The OrthogenRx team filed their first PMA just three and a half months after it obtained seed funding. At 12 months they received an Approvable Letter from the FDA, by 16 months they had undergone two FDA inspections with no major findings and just 20 months from seed funding they had an approval in hand. This is a remarkable series of accomplishments in such a timeframe for founder, President and CEO Michael J. Daley, PhD, David Toledo Velasquez, Senior Vice President and partner, and their team of consultants. The company is now set to begin marketing and selling the Class III medical devices in the United States through a Contract Sales Organization (CSO).
Perhaps most significantly, the FDA approved the OrthogenRx product not as a drug, but as a medical device – a distinction that, because the product is therefore reimbursed under Part B not Part D of Medicare, has a favorable impact on cost, price and reimbursement for the therapy. As a result, not only will the company be able to offer physicians a new, more efficient equivalent treatment for OA knee pain at a lower cost, the early adopters will actually receive better reimbursement compared to their cost. Dr. Daley expects OrthogenRx to launch its first product in 2016 under the trademarked name GenVisc. A number of additional products are in the pipeline that could be launched by 2017.

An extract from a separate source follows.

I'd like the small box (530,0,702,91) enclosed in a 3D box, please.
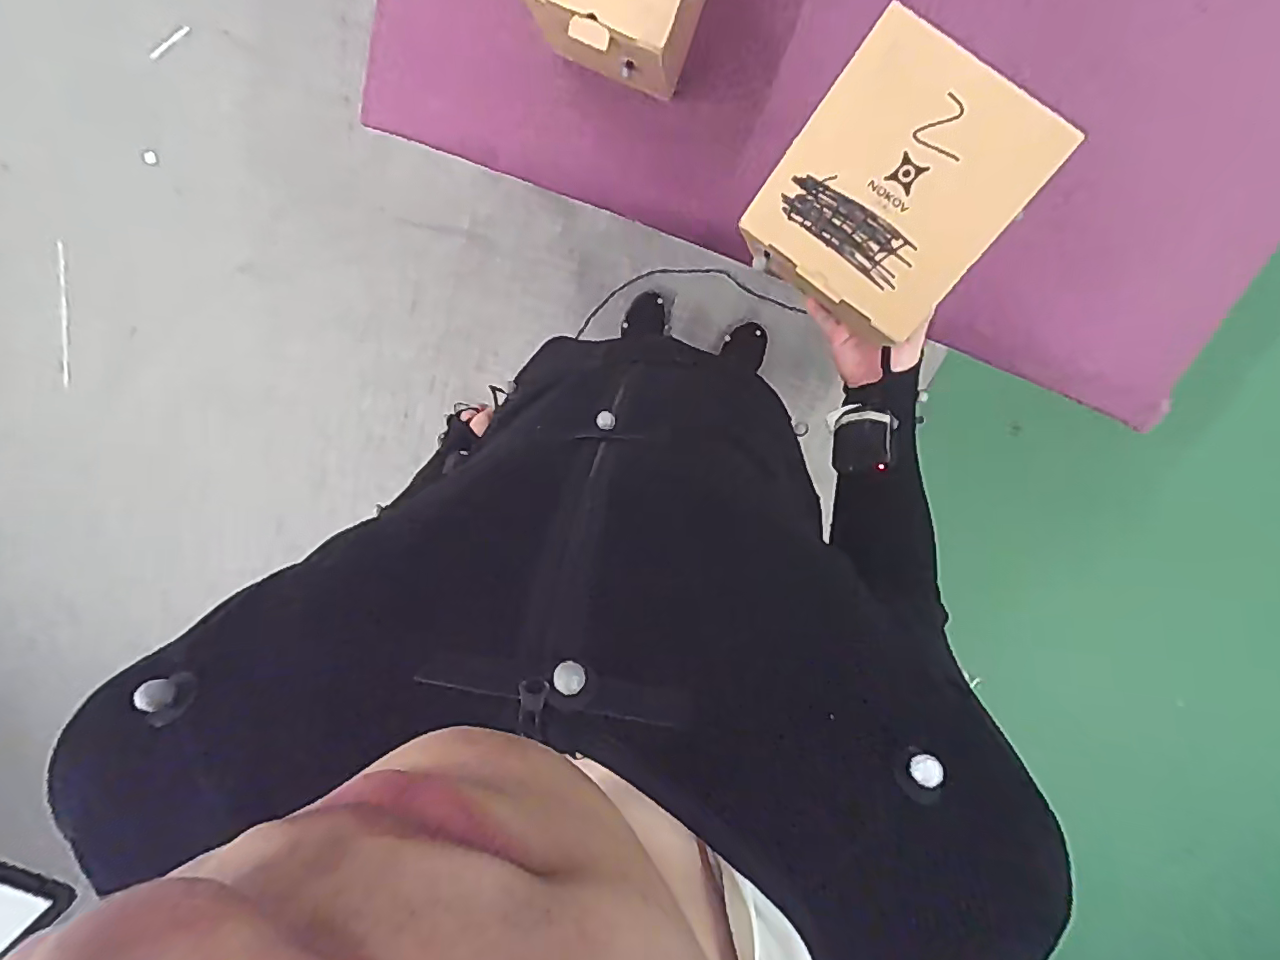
[{"bbox_3d":[-0.014,-0.583,0.606,0.168,0.176,0.179,23,110,-3],"label":"small box"}]

In an interview with Ashton Tweed, Dr. Daley discusses the importance of HA, how he cut years off the typical FDA approval process, and the role one of his favorite local restaurants played in launching OrthogenRx.

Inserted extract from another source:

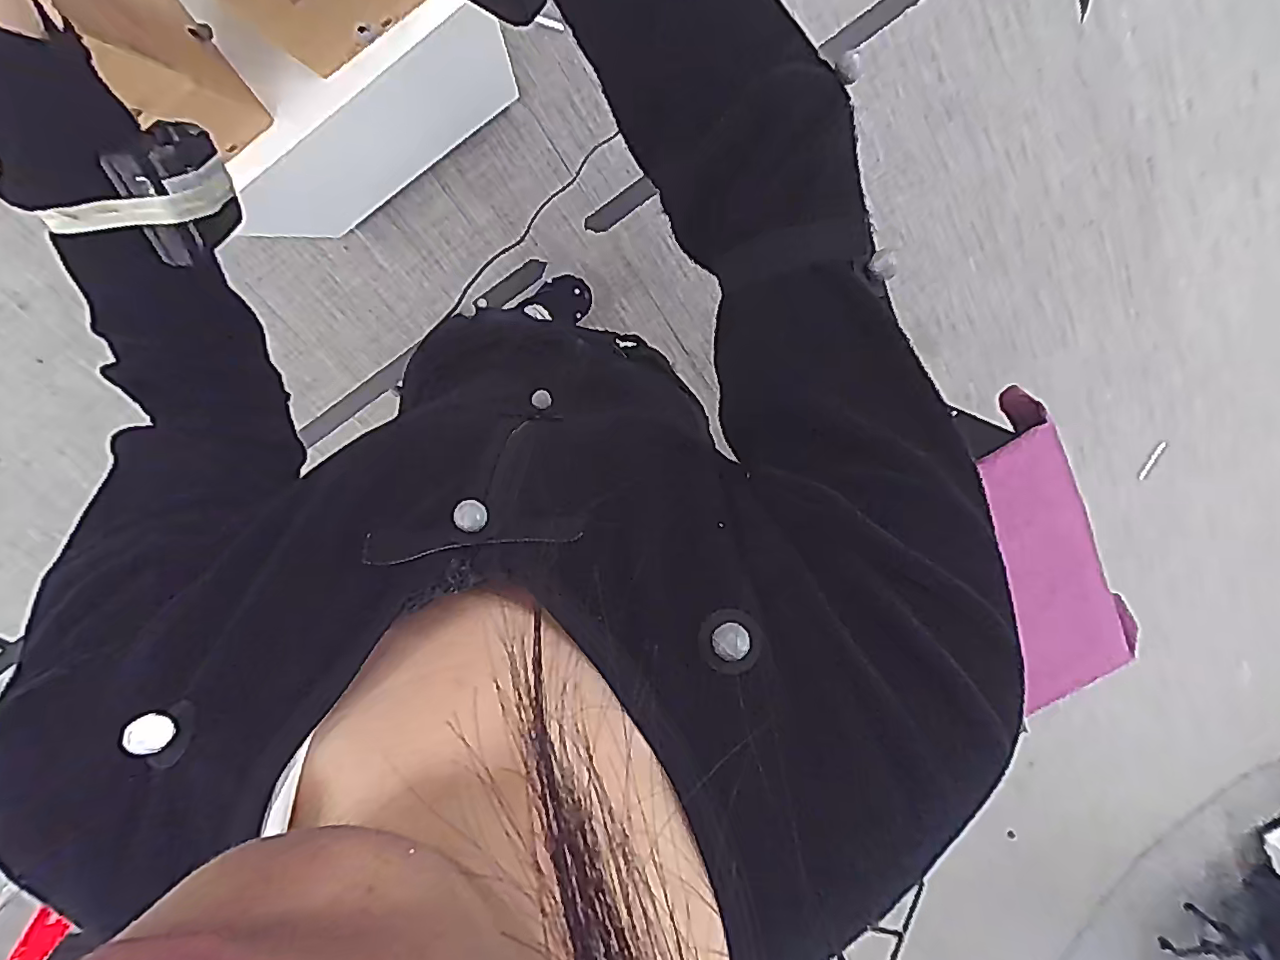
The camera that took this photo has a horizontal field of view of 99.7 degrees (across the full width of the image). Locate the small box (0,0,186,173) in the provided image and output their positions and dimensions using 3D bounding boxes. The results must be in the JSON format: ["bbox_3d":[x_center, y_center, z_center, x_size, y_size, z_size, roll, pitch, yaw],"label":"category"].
[{"bbox_3d":[-0.532,-0.372,0.428,0.168,0.176,0.179,-34,113,7],"label":"small box"}]

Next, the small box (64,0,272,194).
[{"bbox_3d":[-0.554,-0.436,0.576,0.168,0.176,0.179,-33,112,7],"label":"small box"}]

Hyaluronic acid is the dominant component in joint fluid. When you get arthritis, the concentration of this fluid goes down and it also starts to degrade. To use a more common analogy, it’s like you’re a quart low and your oil just changed from 50-weight to 5-weight – the viscosity goes down as the molecular weight breaks down.
With most products currently on the market, replacing the fluid requires three weekly injections. There are some single injection products on the market, but they often don’t work quite as well. We also know that any injection of HA is gone within 24 hours, so it seems that multiple injections are needed to “prime the pump” because the beneficial effects of pain reduction can last 6 months or more.

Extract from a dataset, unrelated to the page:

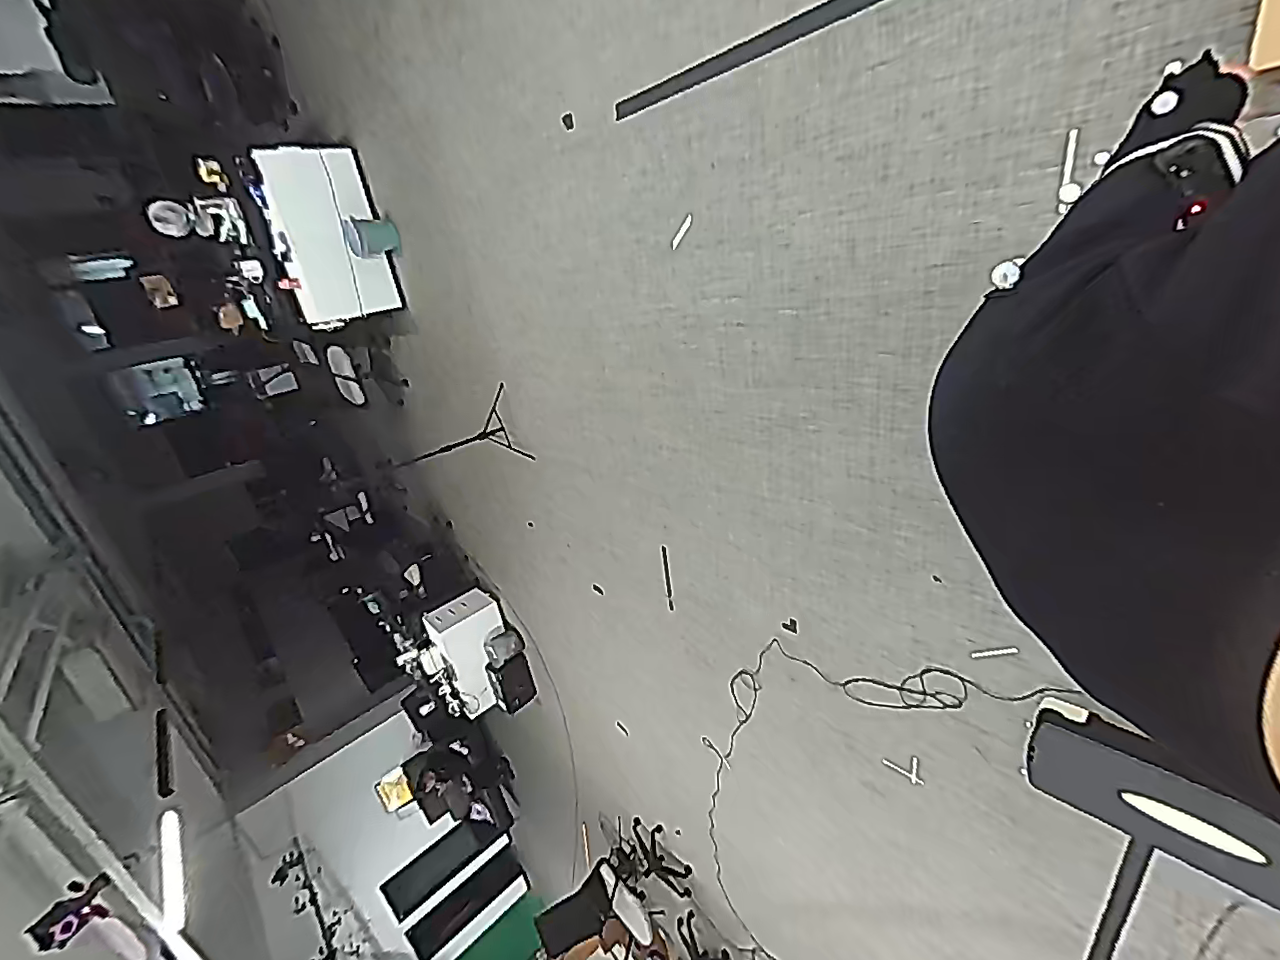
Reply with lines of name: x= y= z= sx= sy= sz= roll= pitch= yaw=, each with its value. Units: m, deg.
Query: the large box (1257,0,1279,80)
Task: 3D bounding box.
large box: x=1.018 y=-0.705 z=0.600 sx=0.408 sy=0.320 sz=0.320 roll=14 pitch=123 yaw=46

HA products were first approved in 1986 as drugs in Italy and in Japan. Then HA products came to the U.S. and the FDA made a determination to regulate them as a Class III medical device, because the agency believed the primary mechanism of action was mechanical (viscosupplementation) and they had previously regulated similar HAs for fluid replacement in ophthalmic surgery. Because a physician must inject the HA products in the office, which requires a fair amount of sophistication, they were regulated as a Class III device, the most stringent level of FDA regulatory oversight, similar to drugs.
When I was at Sanofi as the Medical Director for Hyalgan, the first HA to be approved in the U.S., I became aware that the regulatory barrier for some products was often much lower in parts of Europe and approval is through the process of obtaining a CE Mark (a mandatory conformity marking for certain products sold within the European Economic Area). As a consequence of this process, the market is more competitive – there are about 50 HA-based products on the market. My strategy was to identify products that: (1) were identical or substantially similar to U.S. approved products, (2) were approved outside the U.S., and (3) preferably had some clinical and post-marketing data supporting their safety and efficacy. I then approached over a dozen potential partners to obtain an exclusive supply and license agreement for the U.S. market. We did a very intensive search on a number of HA products approved in Europe, some of which were approved as a drug and some as a device, and presently have several term sheets or agreements in place.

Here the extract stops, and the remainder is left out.